Logging on in Sarajevo
We set our swivel chairs a few feet back from the webcam, and had created an elaborate branded backdrop from of piece of black polyboard, pinned precariously to the wall with a couple of picture hooks. There was a stack of carefully placed magazines on the table, and a touch of greenery courtesy of a sorry-looking rubber plant. I angled a desk lamp towards our two faces. We were preparing for an appearance on Bosnia’s most popular TV station, a ten-minute slot devoted to our publication, recorded live over Skype from our office in London, for their 5.30pm news.
These days it’s so simple to emailgoogleskypewikitweet someone from a foreign place to find something you didn’t know, that it’s quickly become a substitute for finding out things with your own two feet. Don’t get me wrong, the information superhighway is great, the world is about a thousand times smaller than it was when I was watching the Wide Awake Club, but the danger of leaning on the internet so much is that about ten percent of the planet is fairly well covered, and ninety percent of it, frankly, isn’t.
We made Boat Magazine this year as a legitimate vehicle to be grown-ups but still go globe-trotting two months of the year. We visit some of the forgotten cities of the world, bring the most talented people we know with us, and hope to hit a great big ‘refresh’ button. The premise is simple: how can you help inform people’s views of these places when the only information out there is dated and tied to past events? The internet is very good at presenting stuff that’s trending, but it’s also pretty good at keeping some things in the dark.
Take Sarajevo. It’s not on Google Maps. There’s barely anything written about it in English. All I pictured before I went there was Torvill and Dean in sequined spandex, skating to the Bolero, and gruesome images of war. When the siege ended in 1996, the journalists went home and haven’t been back since, leaving the ideas we have in our heads, the same ones they showed us back then, a Sarajevo war-torn and depressing. Google Sarajevo, and this slideshow is replayed ad nauseum, like a stuck record playing a funeral march since the mid-nineties.
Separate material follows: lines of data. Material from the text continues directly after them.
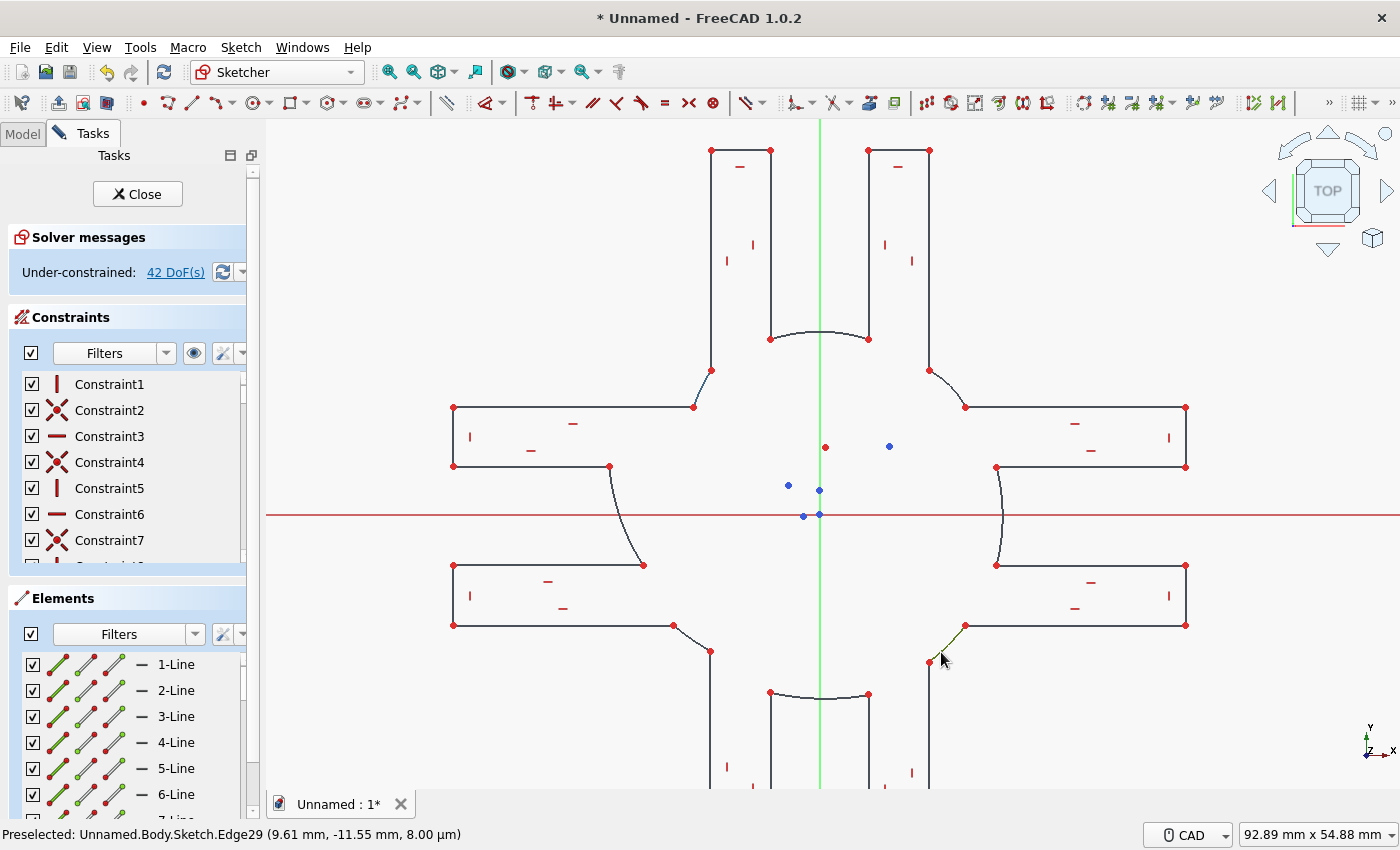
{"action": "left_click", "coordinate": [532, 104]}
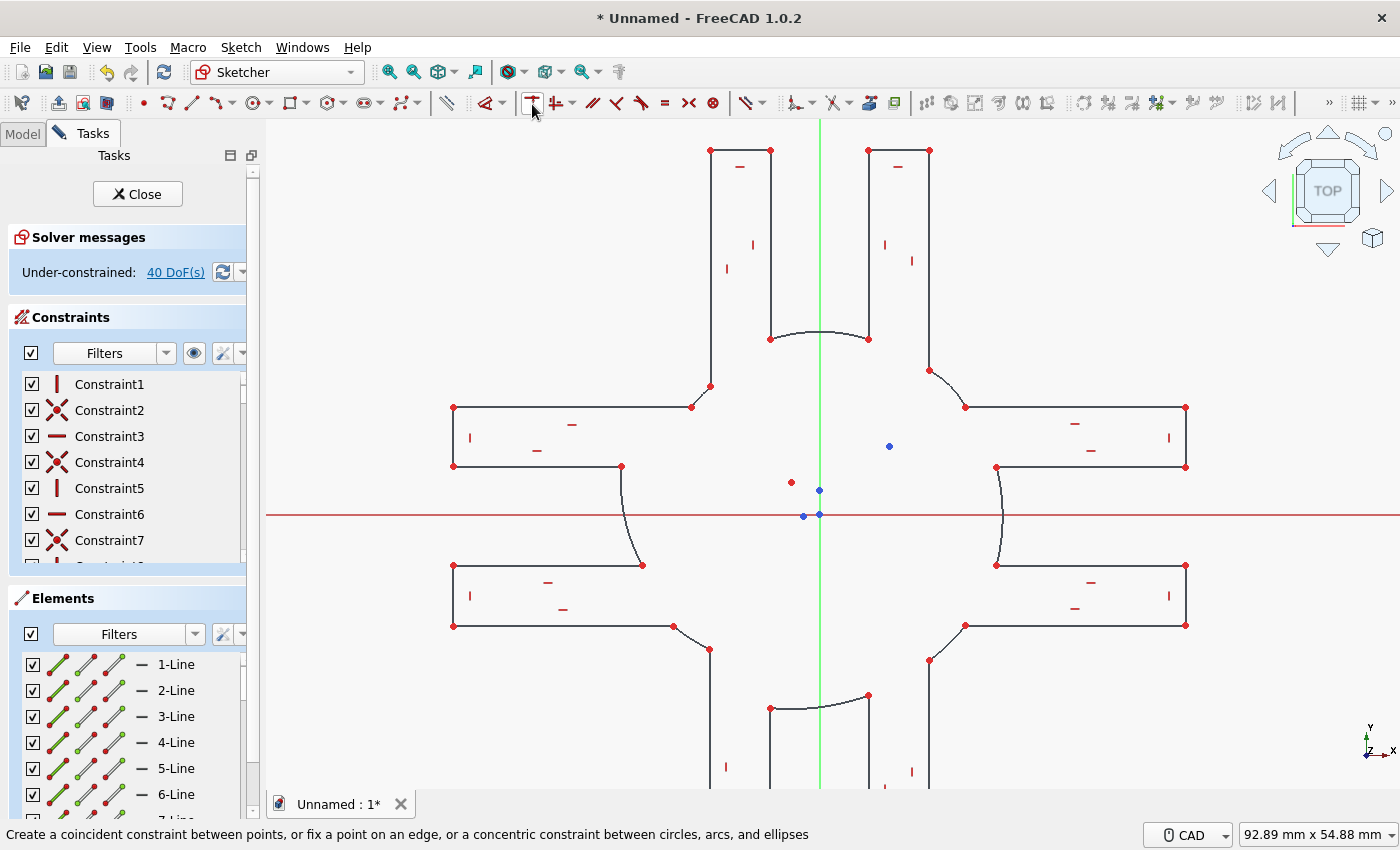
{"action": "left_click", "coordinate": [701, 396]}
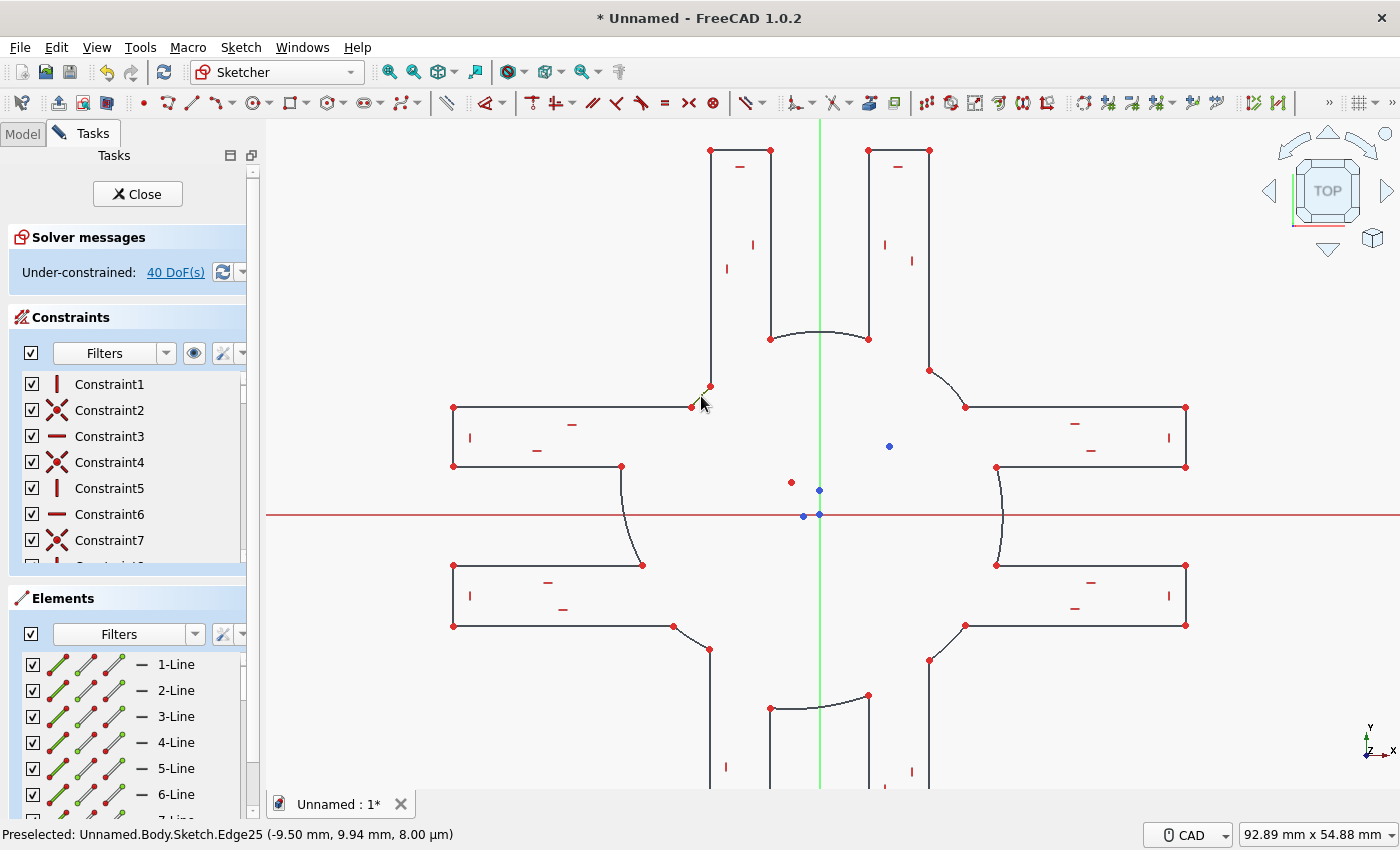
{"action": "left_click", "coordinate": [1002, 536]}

We went in January. It seemed a crazy idea at first. To pick up our eight-month-old design studio and relocate to Eastern Europe for a month. In a recession. We rented an apartment, invited writers, photographers, illustrators and musicians to stay with us, gave them a blank canvas, and set them loose on the streets.
We wanted a good mix of content: writers and artists from the places we’d come from and local Bosnian contributors. The goal of the publication was to find out stories we couldn’t glean from our laptops at home, so whilst there were some web-led discoveries, most of it came together on the ground, over pints of beer and crossed fingers. Sarajevo is as warm as a radiator. Nothing prepared us the magnitude of our reception, the mind-blowing talent of the people we met, their pride and generosity.
We arrived with nothing, no previous issue to open doors and barely six Bosnian words between us. We left with a magazine packed with contributions from Dave Eggers and Sophie Cooke to pieces from the VII photographer Ziyah Gafic, interviews with Enes Zlatar, whose band Sikter supported U2 and album was produced by Brian Eno, and the Dvaesedostrica, a ‘boyband’ of twenty thirty-something men who have been together for two decades, and whose rehearsals are focused drinking sessions, interspersed with heated arguments. One contributor led us to another. Each opened their little black books and sent us beetling around the city. So that after an evening in the Youth Theatre with a man in Speedos dancing in a cage, we found ourselves eating chicken curry with the Oscar-winning film director Danis Tanovic. The thing about freewheeling, and going where the wind takes you, is that you end up in places you wouldn’t find any other way.
When you start a magazine, profile is everything. A few days after launching, the chance to appear on prime time national TV was priceless. I had my iPhone laying on my desk on speakerphone and the lady at the Bosnian TV station counted us in. For ten minutes we answered questions and talked about our newly published magazine to the people of Bosnia and Herzegovina, on the equivalent of BBC1. We’d prepared answers for the questions in advance and made sure we spoke slowly enough that the translator could keep up. When our time was up the presenters thanked us, I reminded the viewers of our web address, and that was that. We sat back in our chairs and took a breath. “I bet our site’s going nuts right now,” I said. I fell into the same old trap again. When I logged in to analytics in the morning, our stats were down on the previous day. How quickly we lean on the internet.